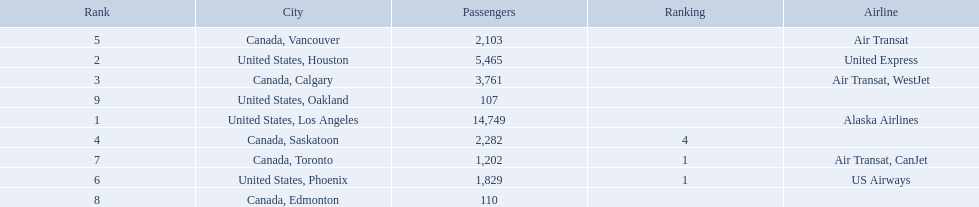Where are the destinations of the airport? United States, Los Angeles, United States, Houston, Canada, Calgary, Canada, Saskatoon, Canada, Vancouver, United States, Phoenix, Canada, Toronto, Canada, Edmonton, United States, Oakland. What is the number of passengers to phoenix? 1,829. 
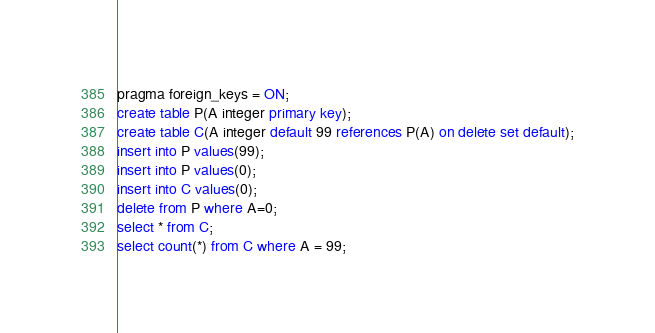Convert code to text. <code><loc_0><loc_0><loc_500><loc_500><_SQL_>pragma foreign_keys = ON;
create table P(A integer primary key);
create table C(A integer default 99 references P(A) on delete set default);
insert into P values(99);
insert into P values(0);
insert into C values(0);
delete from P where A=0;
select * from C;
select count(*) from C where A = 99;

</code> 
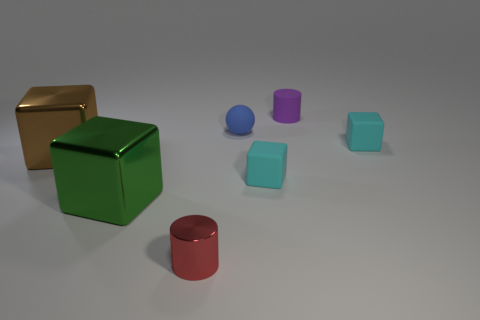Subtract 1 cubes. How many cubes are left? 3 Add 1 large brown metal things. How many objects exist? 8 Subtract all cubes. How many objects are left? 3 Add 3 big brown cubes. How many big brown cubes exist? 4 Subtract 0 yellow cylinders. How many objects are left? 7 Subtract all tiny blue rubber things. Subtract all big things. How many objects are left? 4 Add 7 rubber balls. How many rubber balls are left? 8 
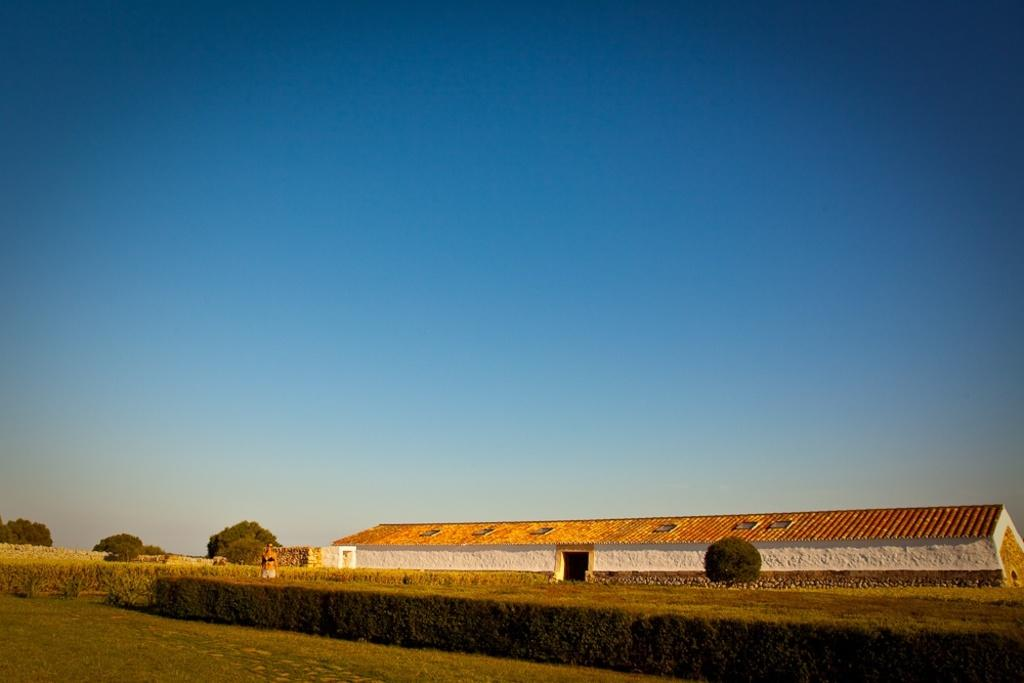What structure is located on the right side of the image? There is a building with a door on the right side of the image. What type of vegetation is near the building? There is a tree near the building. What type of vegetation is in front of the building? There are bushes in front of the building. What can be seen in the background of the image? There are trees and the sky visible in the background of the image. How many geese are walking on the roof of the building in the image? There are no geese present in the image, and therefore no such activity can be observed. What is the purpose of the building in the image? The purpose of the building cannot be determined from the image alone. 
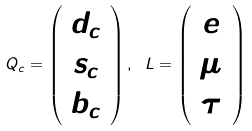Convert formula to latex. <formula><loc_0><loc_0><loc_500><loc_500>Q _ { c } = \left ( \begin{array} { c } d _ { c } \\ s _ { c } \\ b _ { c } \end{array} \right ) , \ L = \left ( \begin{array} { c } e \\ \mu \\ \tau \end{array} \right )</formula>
* * *
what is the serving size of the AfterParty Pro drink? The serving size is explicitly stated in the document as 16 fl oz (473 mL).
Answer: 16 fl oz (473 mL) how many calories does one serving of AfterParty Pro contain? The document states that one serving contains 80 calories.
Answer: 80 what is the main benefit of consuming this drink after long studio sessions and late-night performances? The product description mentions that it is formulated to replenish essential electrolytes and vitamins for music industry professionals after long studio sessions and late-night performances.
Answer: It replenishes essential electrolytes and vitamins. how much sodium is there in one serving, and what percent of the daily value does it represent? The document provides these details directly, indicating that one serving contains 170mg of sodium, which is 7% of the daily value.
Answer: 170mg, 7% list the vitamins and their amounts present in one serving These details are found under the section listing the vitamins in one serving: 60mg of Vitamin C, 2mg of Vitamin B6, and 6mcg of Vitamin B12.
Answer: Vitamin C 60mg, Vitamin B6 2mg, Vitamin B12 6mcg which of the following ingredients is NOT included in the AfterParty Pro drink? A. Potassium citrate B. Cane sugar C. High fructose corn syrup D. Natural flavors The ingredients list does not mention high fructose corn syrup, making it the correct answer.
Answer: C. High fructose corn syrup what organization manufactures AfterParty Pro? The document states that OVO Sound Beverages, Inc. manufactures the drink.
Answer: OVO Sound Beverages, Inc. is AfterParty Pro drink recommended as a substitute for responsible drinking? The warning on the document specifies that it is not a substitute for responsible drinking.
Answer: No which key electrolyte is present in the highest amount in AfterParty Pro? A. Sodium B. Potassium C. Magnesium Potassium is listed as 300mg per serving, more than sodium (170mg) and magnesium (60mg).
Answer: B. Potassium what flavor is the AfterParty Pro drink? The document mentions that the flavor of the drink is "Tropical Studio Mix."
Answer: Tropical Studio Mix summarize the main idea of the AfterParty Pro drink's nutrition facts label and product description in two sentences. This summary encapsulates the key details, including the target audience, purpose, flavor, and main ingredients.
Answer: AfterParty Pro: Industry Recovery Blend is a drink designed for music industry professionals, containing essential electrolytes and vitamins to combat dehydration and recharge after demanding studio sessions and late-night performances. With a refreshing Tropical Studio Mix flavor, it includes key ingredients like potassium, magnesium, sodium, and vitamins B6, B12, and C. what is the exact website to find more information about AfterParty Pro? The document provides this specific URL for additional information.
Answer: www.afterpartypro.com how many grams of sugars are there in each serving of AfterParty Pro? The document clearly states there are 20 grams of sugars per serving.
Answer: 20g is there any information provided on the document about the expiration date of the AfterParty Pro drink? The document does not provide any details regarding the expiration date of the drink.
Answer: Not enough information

TASK DETAILS:
Although pictures appear among the records above, none are to be output; print exactly the lines from the line containing "insert into C values(0);" through the line containing "Subtract 1 cubes.".

WRITTEN REPLY:
insert into C values(0);
delete from P where A=0;
select * from C;
select count(*) from C where A = 99;

</code> 
Subtract 1 cubes. How many cubes are left? 3 Add 1 large brown metal things. How many objects exist? 8 Subtract all cubes. How many objects are left? 3 Add 3 big brown cubes. How many big brown cubes exist? 4 Subtract 0 yellow cylinders. How many objects are left? 7 Subtract all tiny blue rubber things. Subtract all big things. How many objects are left? 4 Add 7 rubber balls. How many rubber balls are left? 8 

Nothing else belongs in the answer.